The Technium

Not Future-Proofing


Twenty years ago when I built my studio and remodeled other parts of our house I spent a lot of time and money in installing ethernet lines and phone cables throughout the rooms. Back then phones (what we now call land lines) used copper wires, as they had for generations, and ethernet was the up-coming standard. So I installed ethernet into the walls of the studio with ethernet outlets everywhere. And at some expense I had a technician install ethernet into the walls of our old house. Finally in an attempt at future proofing, I had the contractor lay some empty conduit pipes in the walls for future wires.

Of course what has happened since is wireless. Wifi, mobile, and bluetooth have taken over and none of the wires I so expensively put into the walls are used. And the one place in my office I still use wires — my desktop — the existing cat5 ethernet cable was not fast enough for the new speeds of fiber optic. It turned out it was easier to run a new cable outside of the house for the fiber optic connection, so my internal conduit was not used.

This has made me question whether it is possible to future proof things. Maybe I am better off not trying to anticipate the future by installing anything but just assuming that I’ll have to add tech later adhoc.

I am trying to think of examples of successful future proofing. Where someone figured out what was coming and built something ready for it. Do you know any examples?

If I simply focus on connectivity: What will arrive after the current wifi and cat9 and fiber optic I now have? It could be 5g with many repeaters. Even if that is accurate is there anything I can do today to help that? How would I get ready for 5g?
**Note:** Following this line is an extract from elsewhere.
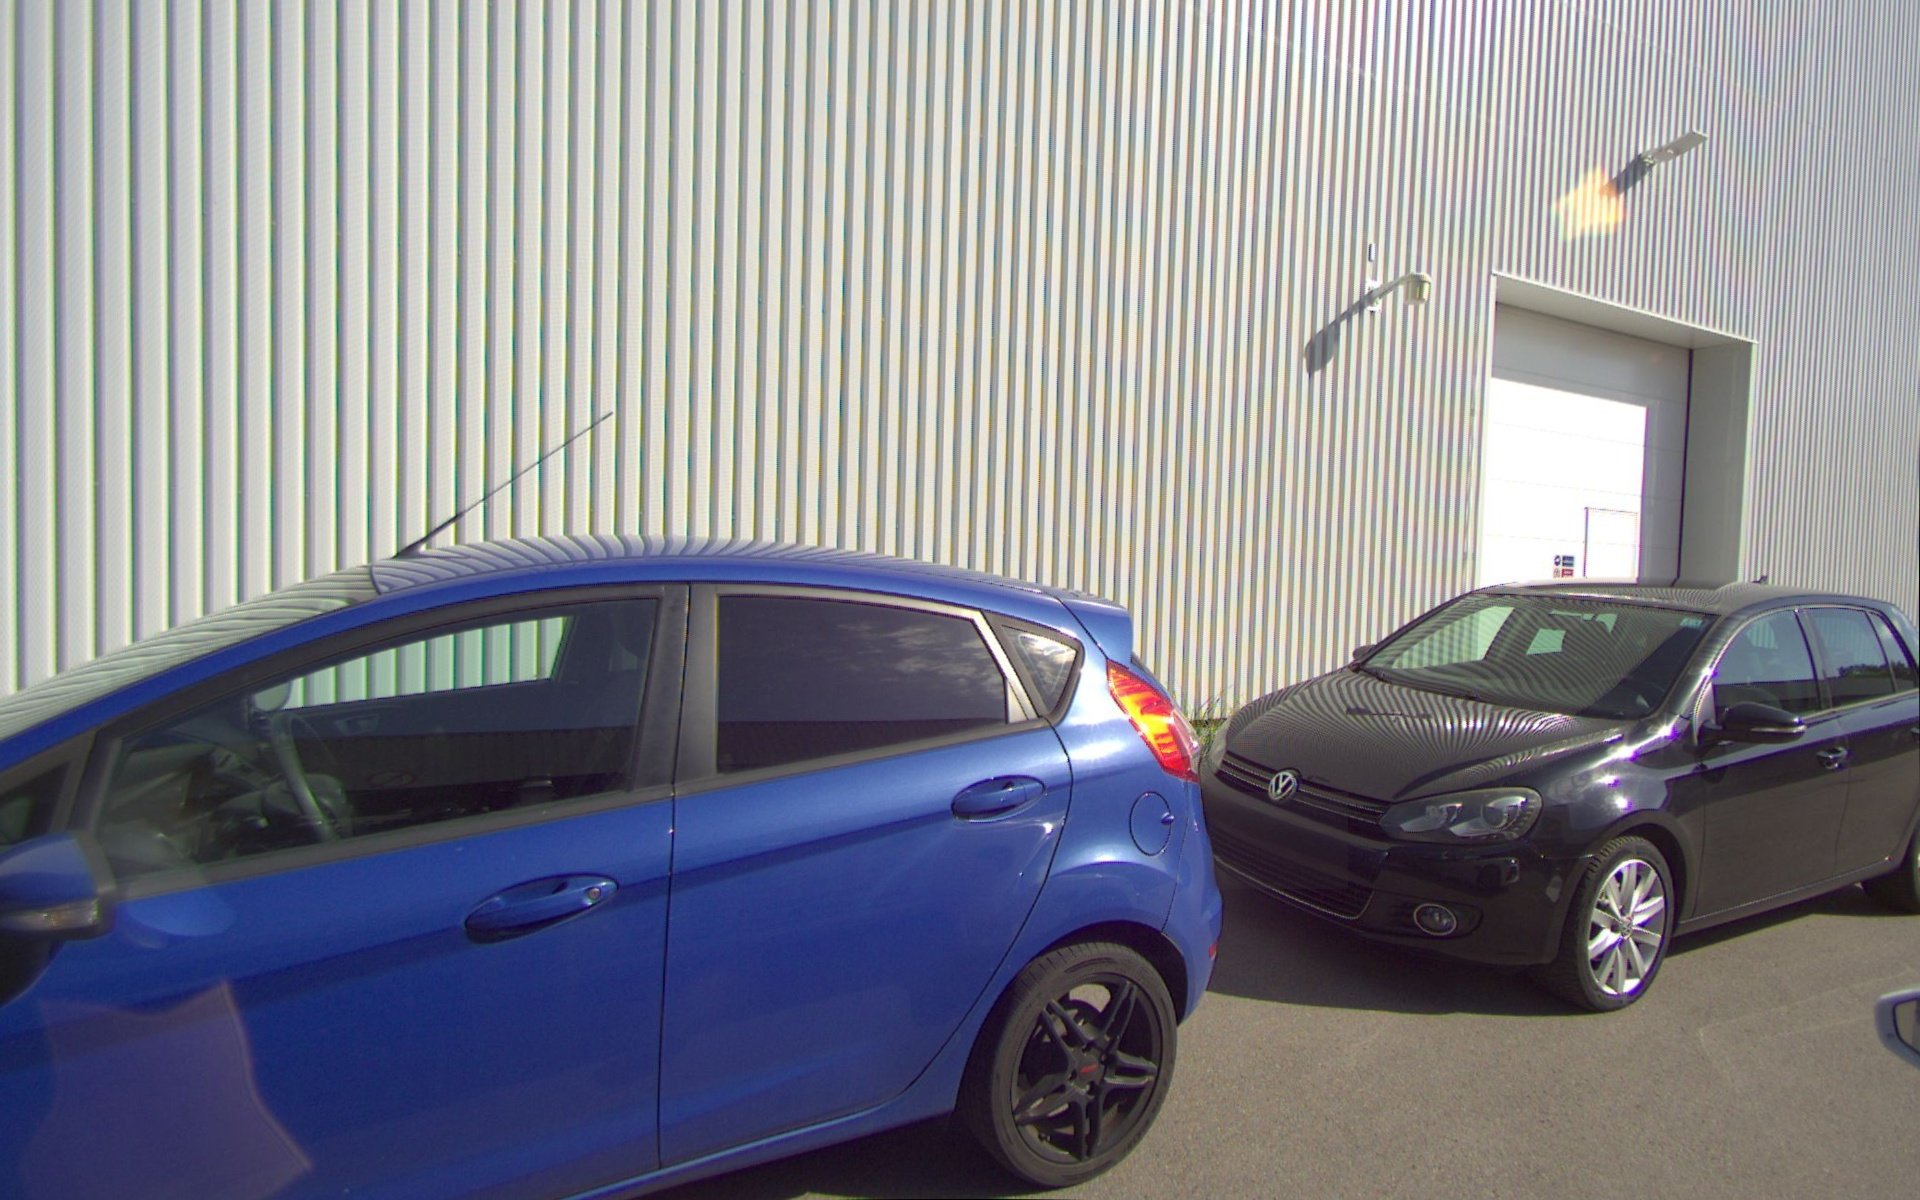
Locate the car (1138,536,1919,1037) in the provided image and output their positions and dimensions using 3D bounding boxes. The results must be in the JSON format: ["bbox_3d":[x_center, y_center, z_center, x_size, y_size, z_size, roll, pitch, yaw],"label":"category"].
[{"bbox_3d":[2.901,0.561,4.622,3.829,1.466,1.643,1,5,-28],"label":"car"}]

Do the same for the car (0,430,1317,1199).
[{"bbox_3d":[-1.125,0.466,2.370,3.719,1.467,1.612,1,3,-29],"label":"car"}]

Stewart Brand promotes the idea of the building that learns. You can’t predict what it will be used for, therefore you can’t pre-build stuff anticipating its future use. But you can construct a building, a working space, a living space that is easy to adapt to new uses. It learns rather than predicts.

So my new approach should not be to build in anticipations. Rather I should build in changeability; to make it as easy as possible to retrofit, to remodel, to re-work. Figure there will be the need to add stuff, or move things and make it easier to do so. In that respect installing pipes or wires or brackets are hindrances rather than helps.

I’ve learned to do this with purchasing tech. I no longer purchase any device or machinery based on my expectation of what I might use it for in the future. Like, I’ll get lots of storage, or RAM, or pixels because I will need X in the future. I have learned that my prediction rarely works out, because I usually want/need something different than what I thought. Maybe speed turns out to be more important than storage, or screen size more important than resolution. So, now when I am shopping for tech — whether computers, cars, appliances, tools — I buy for my immediate needs.

That realization led me to another epiphany: I buy stuff only at the last minute. Since tech is always improving, it makes no sense to buy anything before you need it. Don’t get anything that is on an improvement curve before you are going to use it day by day. Get it five minutes before you need it.

So my stance is reduced to this: Wait for the tech and the future to arrive, and then adapt and commit as necessary. Consider this Just-in-Timing, rather than Future Proofing.